> Required work
Could you repeat, exactly and with no pictures, only the lines from the start of the records through the line containing "Pin (N-Channel, Open-Drain)</text>"?

Entries taken from a collection:
* * * * * * *

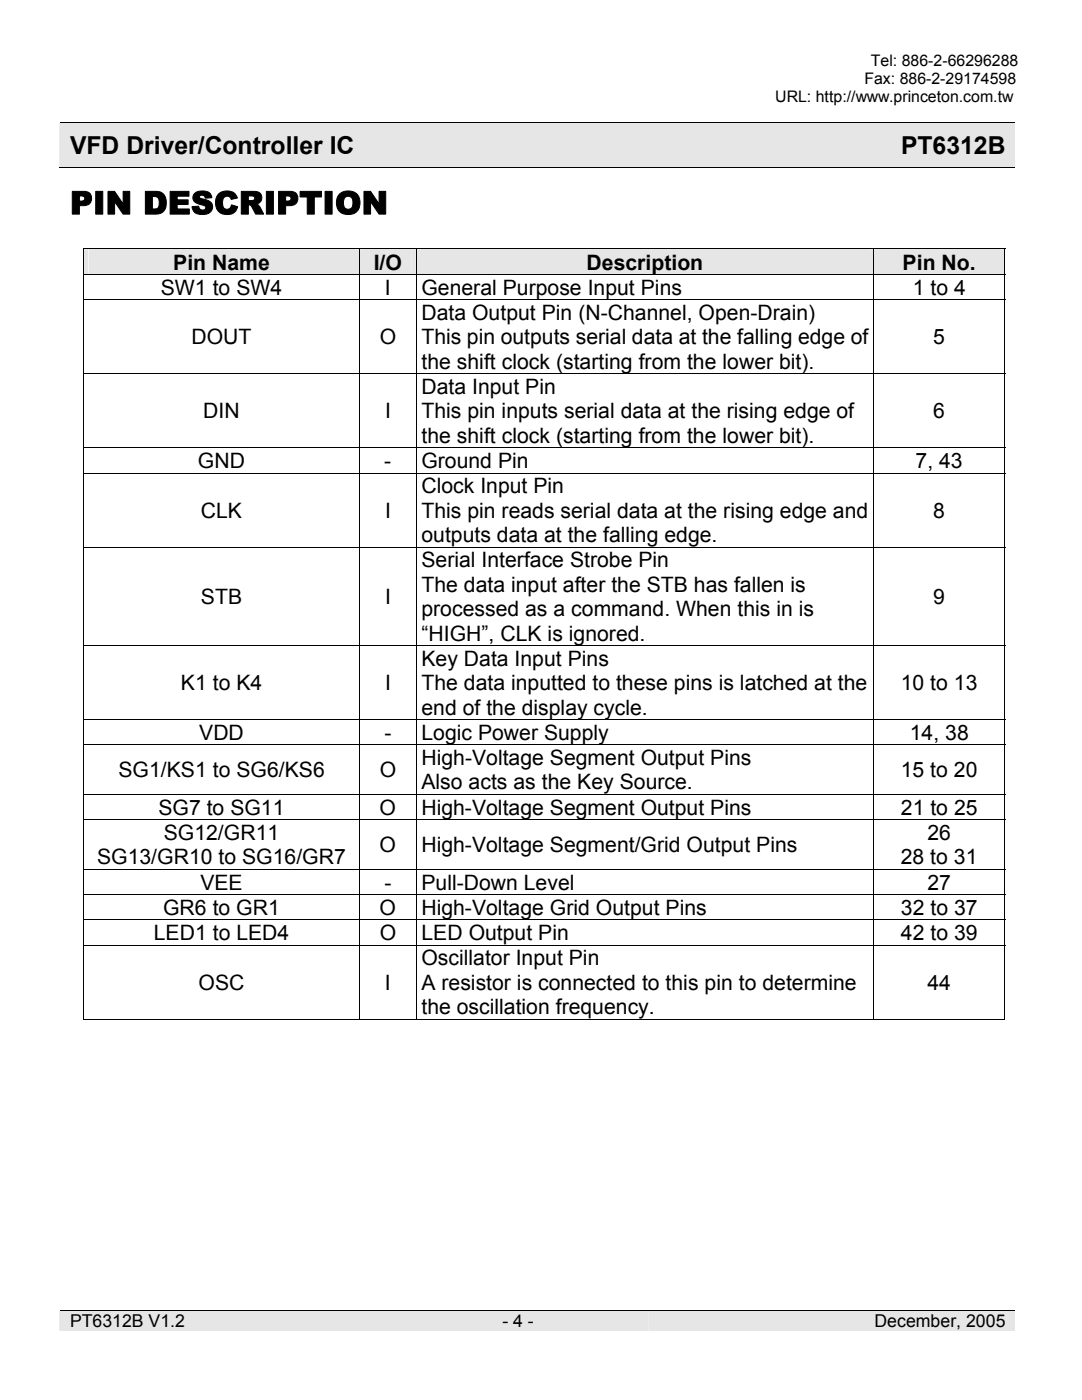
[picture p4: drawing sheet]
<svg xmlns="http://www.w3.org/2000/svg" width="216mm" height="279mm" viewBox="0 0 216 279" stroke-linecap="round" stroke-linejoin="round" font-family="sans-serif">
<defs><g id="words">
<text font-size="6.3" x="14" y="42.7">PIN DESCRIPTION</text>
<g font-size="4.9">
<text x="14" y="30.8">VFD Driver/Controller IC</text>
<text x="179.8" y="30.8">PT6312B</text>
</g>
<g font-size="4.2">
<text x="34.6" y="53.8">Pin Name</text>
<text x="74.6" y="53.8">I/O</text>
<text x="117.1" y="53.8">Description</text>
<text x="180.1" y="53.8">Pin No.</text>
<text x="32.1" y="58.8">SW1 to SW4</text>
<text x="76.8" y="58.8">I</text>
<text x="84.1" y="58.8">General Purpose Input Pins</text>
<text x="182.1" y="58.8">1 to 4</text>
<text x="84.1" y="63.9">Data Output Pin (N-Channel, Open-Drain)</text>
<text x="38.2" y="68.7">DOUT</text>
<text x="75.8" y="68.7">O</text>
<text x="84.1" y="68.7">This pin outputs serial data at the falling edge of</text>
<text x="186.2" y="68.7">5</text>
<text x="84.1" y="73.6">the shift clock (starting from the lower bit).</text>
<text x="40.6" y="83.5">DIN</text>
<text x="76.8" y="83.5">I</text>
<text x="84.1" y="78.6">Data Input Pin</text>
<text x="84.1" y="83.5">This pin inputs serial data at the rising edge of</text>
<text x="186.2" y="83.5">6</text>
<text x="84.1" y="88.4">the shift clock (starting from the lower bit).</text>
<text x="39.5" y="93.4">GND</text>
<text x="76.7" y="93.4">-</text>
<text x="84.1" y="93.4">Ground Pin</text>
<text x="182.7" y="93.4">7, 43</text>
<text x="84.1" y="98.4">Clock Input Pin</text>
<text x="40.1" y="103.3">CLK</text>
<text x="76.8" y="103.3">I</text>
<text x="84.1" y="103.3">This pin reads serial data at the rising edge and</text>
<text x="186.2" y="103.3">8</text>
<text x="84.1" y="108.2">outputs data at the falling edge.</text>
<text x="84.1" y="113.2">Serial Interface Strobe Pin</text>
<text x="84.1" y="118.1">The data input after the STB has fallen is</text>
<text x="40.1" y="120.5">STB</text>
<text x="76.8" y="120.5">I</text>
<text x="84.1" y="123">processed as a command. When this in is</text>
<text x="186.2" y="120.5">9</text>
<text x="84.1" y="127.8">“HIGH”, CLK is ignored.</text>
<text x="36.1" y="137.7">K1 to K4</text>
<text x="76.8" y="137.7">I</text>
<text x="84.1" y="132.9">Key Data Input Pins</text>
<text x="84.1" y="137.7">The data inputted to these pins is latched at the</text>
<text x="179.7" y="137.7">10 to 13</text>
<text x="84.1" y="142.6">end of the display cycle.</text>
<text x="39.8" y="147.6">VDD</text>
<text x="76.7" y="147.6">-</text>
<text x="84.1" y="147.6">Logic Power Supply</text>
<text x="181.6" y="147.6">14, 38</text>
<text x="23.6" y="155.1">SG1/KS1 to SG6/KS6</text>
<text x="75.8" y="155.1">O</text>
<text x="84.1" y="152.7">High-Voltage Segment Output Pins</text>
<text x="179.7" y="155.1">15 to 20</text>
<text x="84.1" y="157.5">Also acts as the Key Source.</text>
<text x="31.6" y="162.6">SG7 to SG11</text>
<text x="32.7" y="167.6">SG12/GR11</text>
<text x="75.7" y="162.6">O</text>
<text x="84.1" y="162.6">High-Voltage Segment Output Pins</text>
<text x="179.8" y="162.6">21 to 25</text>
<text x="185.1" y="167.6">26</text>
<text x="19.4" y="172.5">SG13/GR10 to SG16/GR7</text>
<text x="75.8" y="170.1">O</text>
<text x="84.1" y="170.1">High-Voltage Segment/Grid Output Pins</text>
<text x="179.7" y="172.5">28 to 31</text>
<text x="40" y="177.5">VEE</text>
<text x="76.7" y="177.5">-</text>
<text x="84.1" y="177.5">Pull-Down Level</text>
<text x="185.1" y="177.5">27</text>
<text x="32.6" y="182.6">GR6 to GR1</text>
<text x="75.7" y="182.6">O</text>
<text x="84.1" y="182.6">High-Voltage Grid Output Pins</text>
<text x="179.8" y="182.6">32 to 37</text>
<text x="30.7" y="187.6">LED1 to LED4</text>
<text x="75.8" y="187.6">O</text>
<text x="84.1" y="187.6">LED Output Pin</text>
<text x="179.8" y="187.6">42 to 39</text>
<text x="39.6" y="197.5">OSC</text>
<text x="76.8" y="197.5">I</text>
<text x="84.1" y="192.6">Oscillator Input Pin</text>
<text x="84.1" y="197.5">A resistor is connected to this pin to determine</text>
<text x="185.1" y="197.5">44</text>
<text x="84.1" y="202.4">the oscillation frequency.</text>
</g>
<g font-size="3.5">
<text x="14" y="264.9">PT6312B V1.2</text>
<text x="100.2" y="264.9">- 4 -</text>
<text x="174.5" y="264.9">December, 2005</text>
</g>
<g font-size="3.2">
<text x="172.5" y="16.8">Fax: 886-2-29174598</text>
<text x="173.7" y="13.1">Tel: 886-2-66296288</text>
<text x="154.7" y="20.4">URL: http://www.princeton.com.tw</text>
</g>
</g></defs>
<g fill="#e6e6e6">
<path d="M11.8 261.6h63.8v4h-63.8z"/>
<path d="M14 261.6h59.7v4h-59.7z"/>
<path d="M75.3 261.6h55.9v4h-55.9z"/>
<path d="M77.5 261.6h51.8v4h-51.8z"/>
<path d="M131 261.6h71.6v4h-71.6z"/>
<path d="M133.1 261.6h67.6v4h-67.6z"/>
</g>
<path d="M12.1 261.5h190.3" fill="none" stroke="#000" stroke-width=".2"/>
<g fill="#e6e6e6">
<path d="M11.8 24.5h129.6v8.9h-129.6z"/>
<path d="M14 26.1h125.5v5.8h-125.5z"/>
<path d="M141.1 24.5h36.8v8.9h-36.8z"/>
<path d="M143.3 26.1h32.7v5.8h-32.7z"/>
<path d="M177.6 24.5h25v8.9h-25z"/>
<path d="M179.8 26.1h20.9v5.8h-20.9z"/>
</g>
<path d="M11.8 33.4h190.8M12.1 24.5h190.3" fill="none" stroke="#000" stroke-width=".2"/>
<g fill="#e6e6e6">
<path d="M16.7 49.7h55v5h-55z"/>
<path d="M17.7 49.7h53v5h-53z"/>
<path d="M71.8 49.7h11.2v5h-11.2z"/>
<path d="M72.8 49.7h9.2v5h-9.2z"/>
<path d="M83.1 49.7h91.1v5h-91.1z"/>
<path d="M84.1 49.7h89.2v5h-89.2z"/>
<path d="M174.4 49.7h26v5h-26z"/>
<path d="M175.3 49.7h24.2v5h-24.2z"/>
</g>
<path d="M16.6 49.6h.1v.1h-.1zM200.4 49.6h.2v.1h-.2zM200.4 203.3h.2v.2h-.2z" fill="#000"/>
<g fill="none" stroke="#000" stroke-width=".2">
<path d="M16.6 49.7h184M16.6 54.8h184M16.6 59.8h184M16.7 49.7v5M16.7 54.9v4.9M16.7 59.9v14.6M71.8 49.7v5M71.8 54.9v4.9M71.8 59.9v14.6M83.1 49.7v5M83.1 54.9v4.9M83.1 59.9v14.6"/>
<path d="M174.3 49.7v5M174.3 54.9v4.9M174.3 59.9v14.6M200.5 49.7v5M200.5 54.9v4.9M200.5 59.9v14.6M16.6 74.6h184M16.7 74.7v14.6M71.8 74.7v14.6M83.1 74.7v14.6M174.3 74.7v14.6M200.5 74.7v14.6"/>
<path d="M16.6 89.4h184M16.6 94.4h184M16.7 89.5v4.8M16.7 94.5v14.6M71.8 89.5v4.8M71.8 94.5v14.6M83.1 89.5v4.8M83.1 94.5v14.6M174.3 89.5v4.8M174.3 94.5v14.6M200.5 89.5v4.8M200.5 94.5v14.6"/>
<path d="M16.6 109.2h184M16.7 109.3v19.5M71.8 109.3v19.5M83.1 109.3v19.5M174.3 109.3v19.5M200.5 109.3v19.5M16.6 128.8h184M16.7 128.9v14.6M71.8 128.9v14.6M83.1 128.9v14.6M174.3 128.9v14.6M200.5 128.9v14.6"/>
<path d="M16.6 143.6h184M16.6 148.7h184M16.6 158.6h184M16.7 143.7v4.9M16.7 148.7v9.8M16.7 158.6v4.9M71.8 143.7v4.9M71.8 148.7v9.8M71.8 158.6v4.9M83.1 143.7v4.9M83.1 148.7v9.8M83.1 158.6v4.9"/>
<path d="M174.3 143.7v4.9M174.3 148.7v9.8M174.3 158.6v4.9M200.5 143.7v4.9M200.5 148.7v9.8M200.5 158.6v4.9M16.6 163.6h184M16.6 173.5h184M16.6 178.5h184M16.7 163.7v9.7M16.7 173.6v4.9M16.7 178.6v4.9"/>
<path d="M71.8 163.7v9.7M71.8 173.6v4.9M71.8 178.6v4.9M83.1 163.7v9.7M83.1 173.6v4.9M83.1 178.6v4.9M174.3 163.7v9.7M174.3 173.6v4.9M174.3 178.6v4.9M200.5 163.7v9.7M200.5 173.6v4.9M200.5 178.6v4.9"/>
<path d="M16.6 183.6h184M16.6 188.6h184M16.7 183.7v4.8M16.7 188.7v14.8M71.8 183.7v4.8M71.8 188.7v14.8M83.1 183.7v4.8M83.1 188.7v14.8M174.3 183.7v4.8M174.3 188.7v14.8M200.5 183.7v4.8M200.5 188.7v14.8"/>
<path d="M16.6 203.4h55.1M71.8 203.4h11.2M83.1 203.4h91.1M174.4 203.4h26"/>
</g>
<use href="#words"/>
</svg>

* * * * * * *

> Result for this task
[picture p4: drawing sheet]
<svg xmlns="http://www.w3.org/2000/svg" width="216mm" height="279mm" viewBox="0 0 216 279" stroke-linecap="round" stroke-linejoin="round" font-family="sans-serif">
<defs><g id="words">
<text font-size="6.3" x="14" y="42.7">PIN DESCRIPTION</text>
<g font-size="4.9">
<text x="14" y="30.8">VFD Driver/Controller IC</text>
<text x="179.8" y="30.8">PT6312B</text>
</g>
<g font-size="4.2">
<text x="34.6" y="53.8">Pin Name</text>
<text x="74.6" y="53.8">I/O</text>
<text x="117.1" y="53.8">Description</text>
<text x="180.1" y="53.8">Pin No.</text>
<text x="32.1" y="58.8">SW1 to SW4</text>
<text x="76.8" y="58.8">I</text>
<text x="84.1" y="58.8">General Purpose Input Pins</text>
<text x="182.1" y="58.8">1 to 4</text>
<text x="84.1" y="63.9">Data Output Pin (N-Channel, Open-Drain)</text>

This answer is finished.